Jefferson Barracks Cemetery
With so many skirmishes and battles being fought in the region, the need for a national cemetery became quickly apparent. Even before being officially declared one in 1866, Jefferson Barracks was already the final resting place for Union and Confederate troops. The grounds began being used as a cemetery shortly after its creation in 1826. The on-site hospital, at Jefferson Barracks, would hold up to 2500 patients, but even this would be challenged at times. Steamboats anchored along the shoreline would serve as overflow hospitals. There were times during the war that Jefferson Barracks would be treating more sick and wounded than any other hospital in the nation.
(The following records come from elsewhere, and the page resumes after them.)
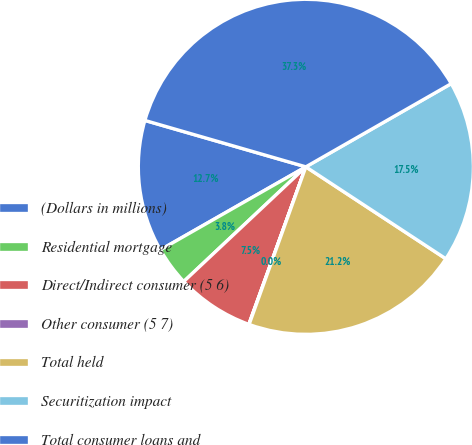Convert chart to OTSL. <chart><loc_0><loc_0><loc_500><loc_500><pie_chart><fcel>(Dollars in millions)<fcel>Residential mortgage<fcel>Direct/Indirect consumer (5 6)<fcel>Other consumer (5 7)<fcel>Total held<fcel>Securitization impact<fcel>Total consumer loans and<nl><fcel>12.72%<fcel>3.75%<fcel>7.47%<fcel>0.03%<fcel>21.25%<fcel>17.52%<fcel>37.26%<nl></chart> 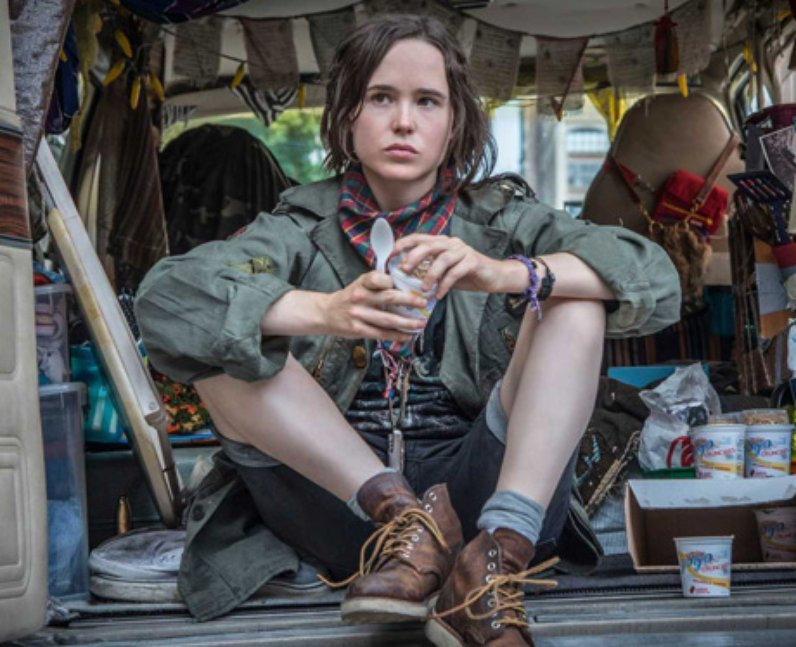What emotions or thoughts might the expression on Elliot’s face convey in this moment? Elliot Page's expression, which is serious and introspective, likely portrays a moment of deep thought or concern. This could be reflecting on personal matters or delving into a complex character’s emotions and motivations within a professional project, suggesting an intersection of personal and professional reflection. Given the clutter and the choice of clothing, what might this scene suggest about the character's lifestyle or profession? This scene, with its practical clothing and chaotic surroundings, suggests a character who is possibly adventurous or nomadic, someone used to living out of a van and constantly on the move, perhaps involved in outdoor activities or fieldwork. The clutter indicates a makeshift living arrangement that doubles as a workspace, pointing to a lifestyle that values flexibility, freedom, and functionality over comfort or stability. 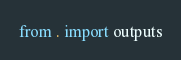<code> <loc_0><loc_0><loc_500><loc_500><_Python_>from . import outputs
</code> 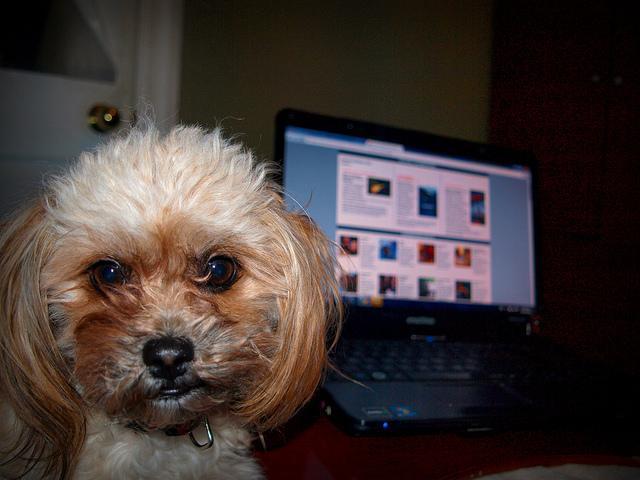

Many of those who passed were interred on the grounds.
The Missouri Civil War Museum has plenty of other videos to watch when you want a break from the displays. The lower level includes more exhibits, including some that span other military conflicts. Our schedule limited our available time to visit, so be sure to mark off a little more for yourself. It’s a great place to get an impartial view of a war that pitted family members against each other. We believe you will come away with a new perspective on the causes and effects of the Civil War on the region, in and around Missouri. Be sure to say Hi to Mark when you visit. He will be happy to share his passion with you.